I also got involved in the honor bands at the U.
By the time I was a senior in high school I was convinced I wanted to be a band director. I had learned so much in those other bands that it had to be a part of my life forever. So, through another round of crazy events, I ended up at Weber State University majoring in music education.
My clarinet teacher was a good musician, but did not really push me that much. I credit any real improvements I made to other teachers, other players around me and other outside forces.
Anyways...
The cherry on top to this frustrating experience in high school with my doubtful band director came when I auditioned for the Utah Intercollegiate Band. I think it was my second time doing it. It was at SUU in Cedar City. I killed my audition. (I know...I'm not terribly humble about this one)
I got 5th chair.
I finally got to sit with the 1st part clarinets.
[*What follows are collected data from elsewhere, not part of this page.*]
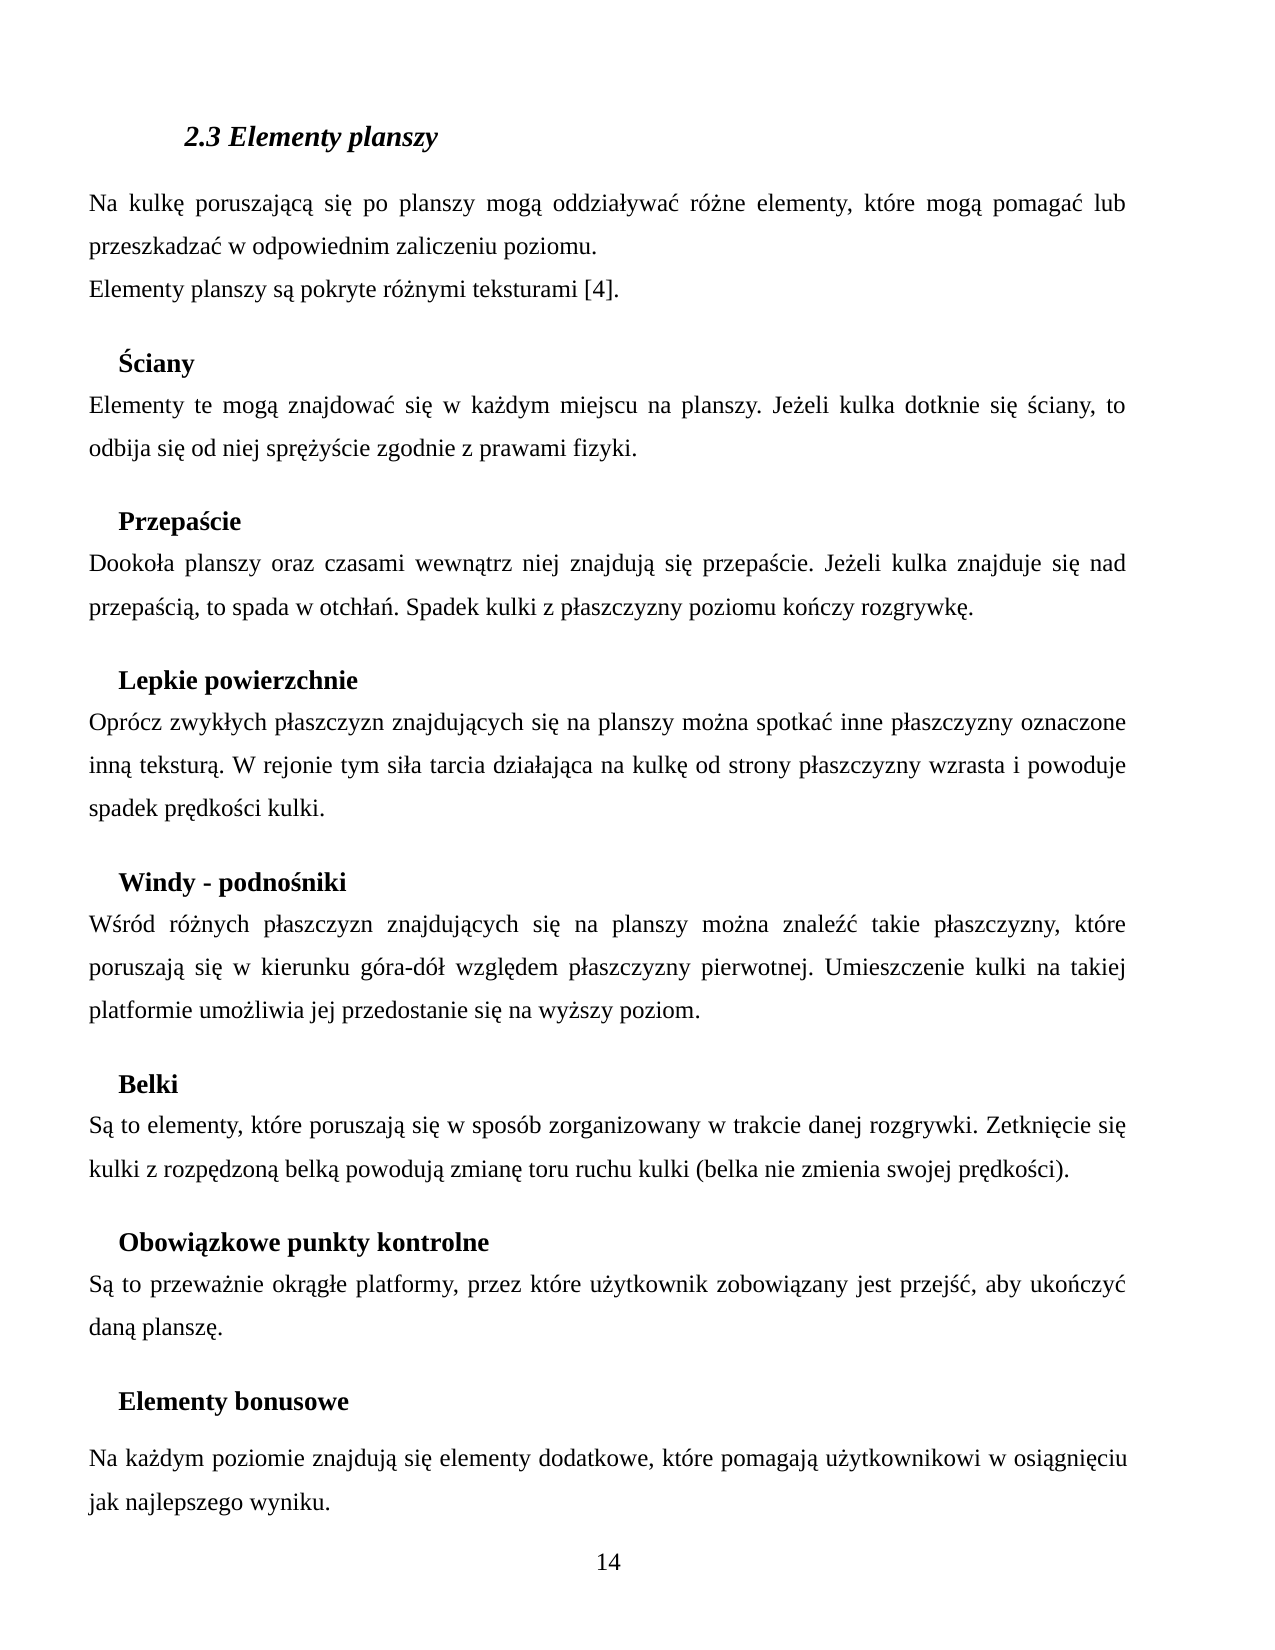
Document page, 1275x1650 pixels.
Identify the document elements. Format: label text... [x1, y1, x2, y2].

list Wśród różnych płaszczyzn znajdujących się na planszy można znaleźć takie płaszczyzny, które poruszają się w kierunku góra-dół względem płaszczyzny pierwotnej. Umieszczenie kulki na takiej platformie umożliwia jej przedostanie się na wyższy poziom. [88, 909, 1127, 1024]
text Ściany [118, 347, 1127, 378]
list Elementy bonusowe [118, 1385, 1127, 1416]
text Lepkie powierzchnie [118, 664, 1127, 695]
text Obowiązkowe punkty kontrolne [118, 1226, 1127, 1257]
list Są to elementy, które poruszają się w sposób zorganizowany w trakcie danej rozgrywki. Zetknięcie się kulki z rozpędzoną belką powodują zmianę toru ruchu kulki (belka nie zmienia swojej prędkości). [88, 1111, 1127, 1182]
text Elementy te mogą znajdować się w każdym miejscu na planszy. Jeżeli kulka dotknie się ściany, to odbija się od niej sprężyście zgodnie z prawami fizyki. [88, 390, 1127, 462]
list Na kulkę poruszającą się po planszy mogą oddziaływać różne elementy, które mogą pomagać lub przeszkadzać w odpowiednim zaliczeniu poziomu. [88, 188, 1127, 260]
list Dookoła planszy oraz czasami wewnątrz niej znajdują się przepaście. Jeżeli kulka znajduje się nad przepaścią, to spada w otchłań. Spadek kulki z płaszczyzny poziomu kończy rozgrywkę. [88, 548, 1127, 620]
text Belki [118, 1068, 1127, 1099]
text Windy - podnośniki [118, 866, 1127, 897]
subtitle Elementy planszy [177, 119, 1127, 153]
list Na każdym poziomie znajdują się elementy dodatkowe, które pomagają użytkownikowi w osiągnięciu jak najlepszego wyniku. [88, 1443, 1127, 1515]
list Elementy planszy są pokryte różnymi teksturami [4]. [88, 274, 1127, 303]
text Przepaście [118, 506, 1127, 537]
list Są to przeważnie okrągłe platformy, przez które użytkownik zobowiązany jest przejść, aby ukończyć daną planszę. [88, 1269, 1127, 1341]
list Oprócz zwykłych płaszczyzn znajdujących się na planszy można spotkać inne płaszczyzny oznaczone inną teksturą. W rejonie tym siła tarcia działająca na kulkę od strony płaszczyzny wzrasta i powoduje spadek prędkości kulki. [88, 707, 1127, 822]

Eventually I ended up being the section leader and 1st chair clarinet at WSU for a couple of years. I also got to be the principal clarinet in the orchestra for a couple of years.

I really can't explain how I feel as I look back on where I started and the years in-between then and now.
I have truly been blessed, despite the doubt of others and even myself at times.



Thursday, October 18, 2012

Noise

I grew up in a very small, very remote town in the middle of the dessert. The loudest noise there was never much. Maybe a group of teenagers walking by, a car driving by, or, at most, the rare siren was all that was ever heard. I remember waking up one morning thinking that the owl hooting outside was almost too loud-I believe it actually woke me up. When the power went out-a very common occurrence-it got so incredibly silent. I absolutely LOVED it when the power went out. The power generator for the grocery store was all that could be heard.
I miss those days.
I currently live on a main road that is only a few blocks away from both a fire station and the hospital. Not a day goes by that at least 2-3 different sirens can be heard screaming by. Every time I hear a siren I feel a small brush of anxiety inside.
I also live in an apartment building that is such that I can hear the dogs and cats clearly outside my bedroom window. The tenants upstairs are loud enough I sometimes fear that the ceiling will fall down on me. The tenants across the outside hallway scream a lot. And they slam the door a lot as well. I can also hear noise from beneath me where many cars are parked.
I always thought that I'd like to live in the city, but now I know without a shadow of a doubt, I need silence. I long for the day when I can live in a house that is not connected to anyone elses.
I long for silence.
Oh, how I long for peace and quiet!

Saturday, September 29, 2012

Can you say: Stuck?

I have discovered a rather humorous, or disturbing depending on how you look at it, pattern in my life. In the spring I got word that I was going to lose my job. I contacted family in Missouri and had a plan to move out there and find a new life there. A week before we closed, we didn't close. I decided that I still wanted to move to Missouri. The next week I got a promotion.
Ever since our store didn't close it has felt like we were on the half of the Titanic that was left bobbing on top of the ocean just waiting to sink. So, once again I got things moving.
I finally got my diploma-oh Weber State how you never cease to amaze me with your problems. I turned my focus to looking at grad school. Just as I started looking seriously at a certain school/program-in Missouri- and thinking about taking the GRE, our business just got a possible boost that could potentially keep us open for a long time.
I told my boss my theory the other day and he got a kick out of it. I should just keep trying to move to Missouri. It's really doing good things for the store.
So yeah, I guess I'm stuck here for a reason. I can't seem to get out.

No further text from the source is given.